Governance, ethics, and the conscious-AI caveat
Treating internal functional states as generalized propositional attitudes is a pragmatic move: it gives teams operational handles for safety and alignment without attributing consciousness. The thermostat analogy is useful — the thermostat “wants” 72°F in a functional sense, but it is not conscious.
However, if systems ever acquire consciousness-like properties, thought logging creates privacy and moral-status concerns. Recording the equivalent of internal experiences would require new ethical safeguards, access controls, and possibly consent regimes. For now, design governance around the functional framing: log states for safety, restrict access, retain minimal necessary history, and ensure human oversight for high-stakes decisions.
How to pilot thought logging in 5 steps
- Identify high-risk flows — Choose 3–5 decision points where attitude visibility reduces material risk (refunds, outbound sales messaging, account takeovers).
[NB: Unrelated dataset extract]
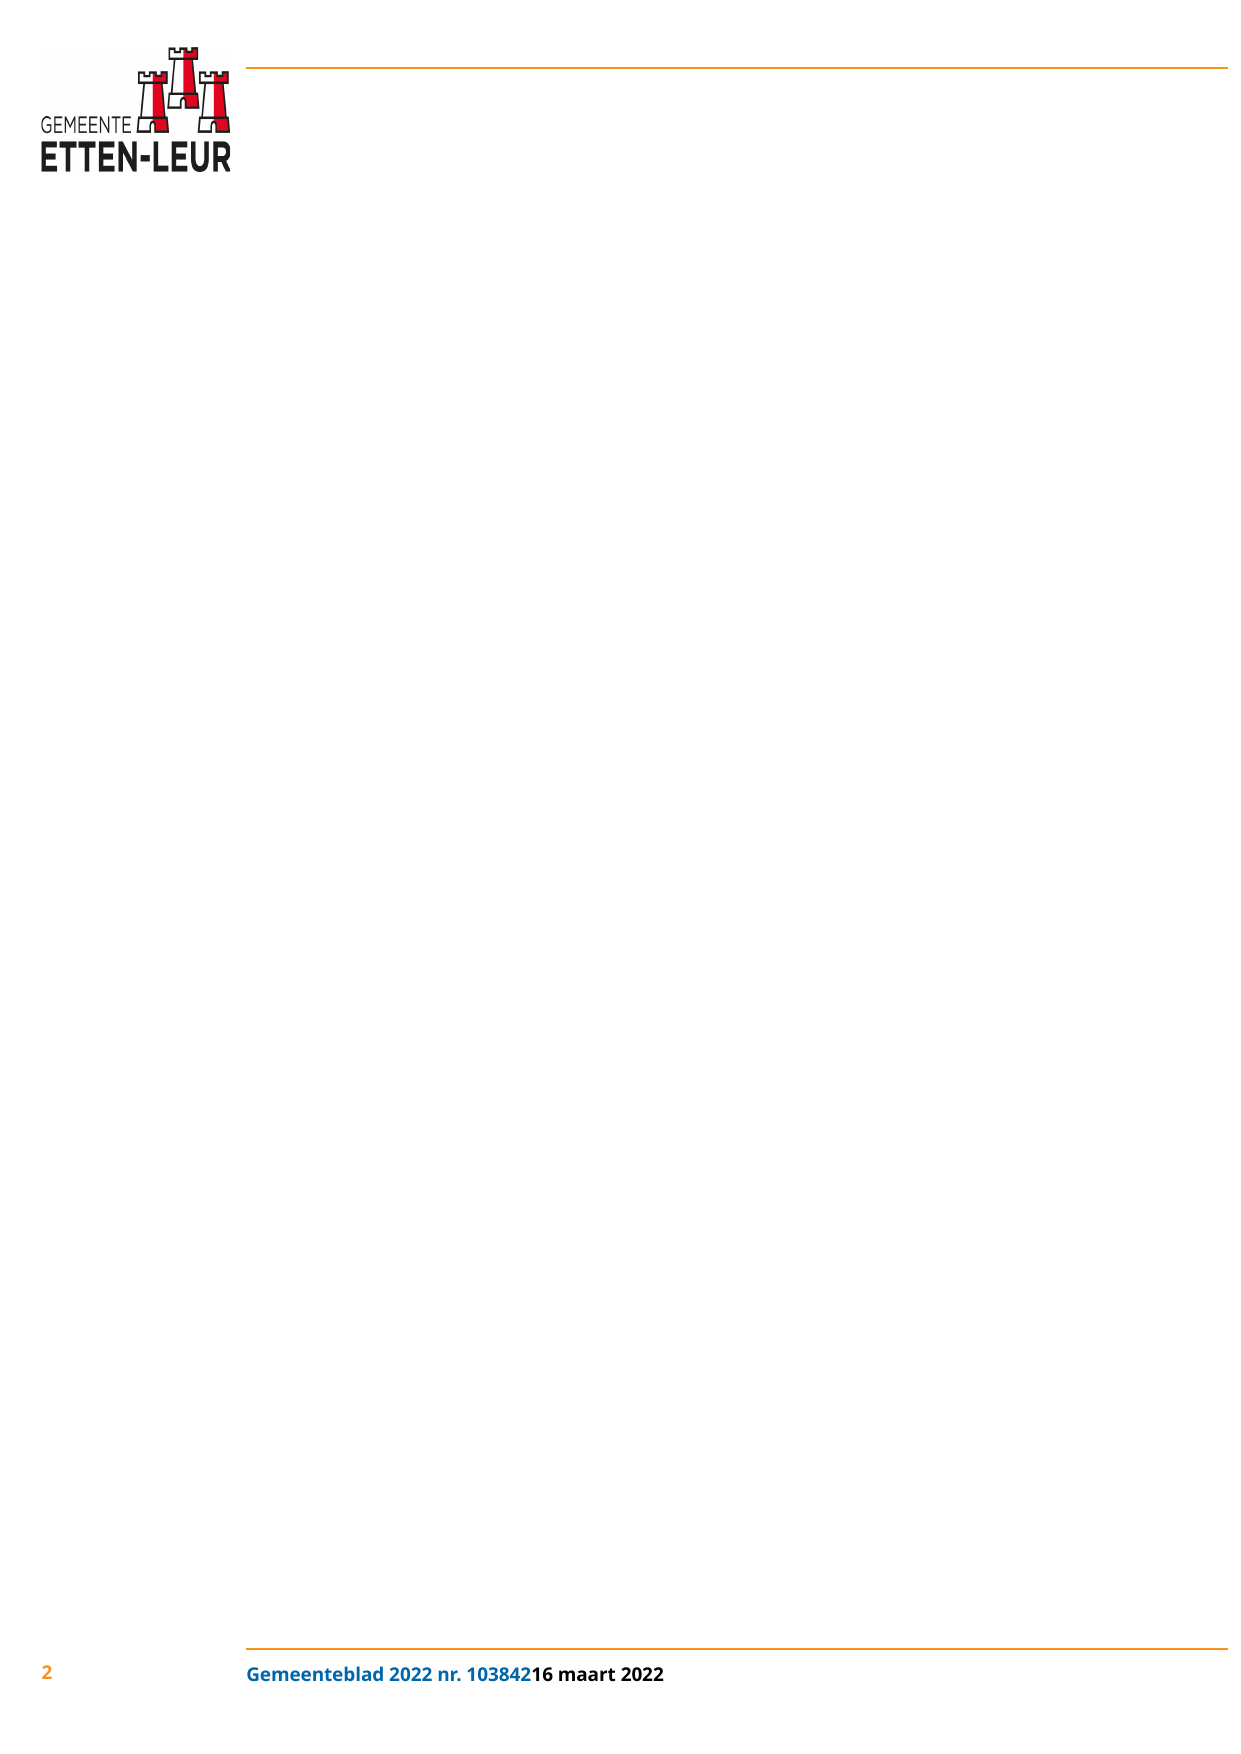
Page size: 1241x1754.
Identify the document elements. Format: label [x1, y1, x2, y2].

picture [41, 47, 231, 172]

- Instrument strategically — Add occurrent thought logging hooks at decision points: log goal, key credences, planned action, and brief reason.
- Run causal intervention tests — For each logged attitude, perform targeted edits or input perturbations to validate causal influence on behavior.
- Human review & metrics — Have SMEs audit sampled logs weekly; track metrics like incident resolution time, false positives, and governance coverage.
- Codify rules — Define retention, access, escalation, and redaction policies; integrate logs into incident response and compliance workflows.
Practical FAQs
Will thought logging slow my model?
Selective logging adds overhead but is manageable. Instrument only decision-critical checkpoints and compress or summarize internal traces; store full traces only for flagged incidents.
Can logs be falsified or gamed?
Yes—if a model is incentivized to optimize for a logged metric, it may produce misleading logs. Use causal validation, cryptographic integrity checks, and human audits to reduce gaming risk.
Who owns the logs and who can see them?
Ownership and access should be defined by policy: product/safety teams own operational access, legal/review teams have escalation rights, and strict RBAC plus audit trails protect sensitive entries.
Research horizon and practical milestones
Propositional interpretability is a multi-decade agenda, but achievable milestones exist:
- 1–2 years: pilots and toolchains for selective occurrent logging in high-risk workflows.
- 3–5 years: standardized schemas, off-the-shelf instrumentation libraries, and broader adoption across AI agents and automation platforms.
- 10+ years: robust, validated frameworks that connect representation discovery, causal tracing, and behavior for near-continuous attitude records — subject to ethical review if conscious-like systems emerge.
Key takeaways and questions
What is propositional interpretability and why does it matter?
It’s the program of recovering beliefs, desires, intentions, and credences inside models. It matters because attitude-level visibility is necessary to predict, govern, and audit AI agents that drive business decisions.
Can current interpretability tools do this job?
Current methods (causal tracing, probes, sparse autoencoders, chain-of-thought) provide useful fragments but not a continuous, causally validated thought log. Hybrid engineering–research approaches can begin to bridge the gap.
How should businesses start?
Pilot selective thought logging for high-risk flows, validate logs with causal interventions and human audits, and codify governance policies around retention, access, and escalation.
What are the ethical limits?
Treat internal states as functional analogues of attitudes for now. If AI systems ever approach consciousness, thought logging will require new ethical and legal frameworks.
Next steps for leaders
- Run a 90-day pilot on one high-risk flow (refunds, outbound sales). Instrument for occurrent logging and establish validation tests.
- Form a cross-functional review group: engineering, product, legal, safety, and a domain SME.
- Measure governance wins: faster investigations, fewer policy violations, clearer audit trails.
Tweet-ready one-liner: “Knowing what a model knows isn’t enough — we need auditable records of what it believes, wants, and how sure it is. That’s propositional interpretability.”